__REQUIRED WORK__
How many of the lines below contain the word "pitch"? Only the number is wanted.

__DATA__
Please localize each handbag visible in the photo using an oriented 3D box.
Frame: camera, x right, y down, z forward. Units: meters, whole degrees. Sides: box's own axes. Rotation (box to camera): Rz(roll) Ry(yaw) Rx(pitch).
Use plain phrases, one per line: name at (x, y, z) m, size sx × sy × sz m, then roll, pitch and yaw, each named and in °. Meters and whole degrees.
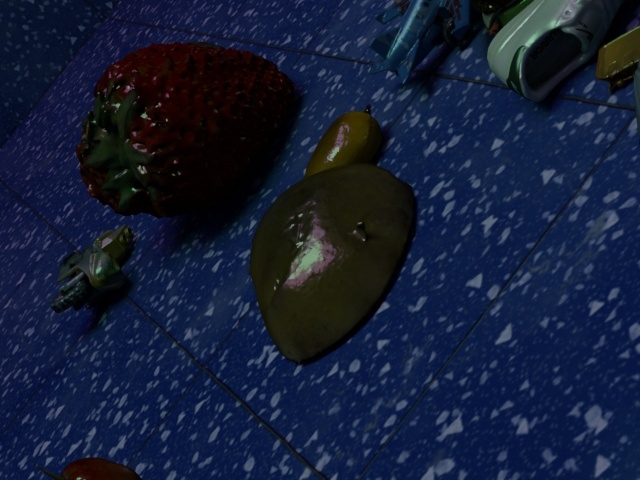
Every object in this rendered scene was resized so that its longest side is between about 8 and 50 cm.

__ANSWER SECTION__
2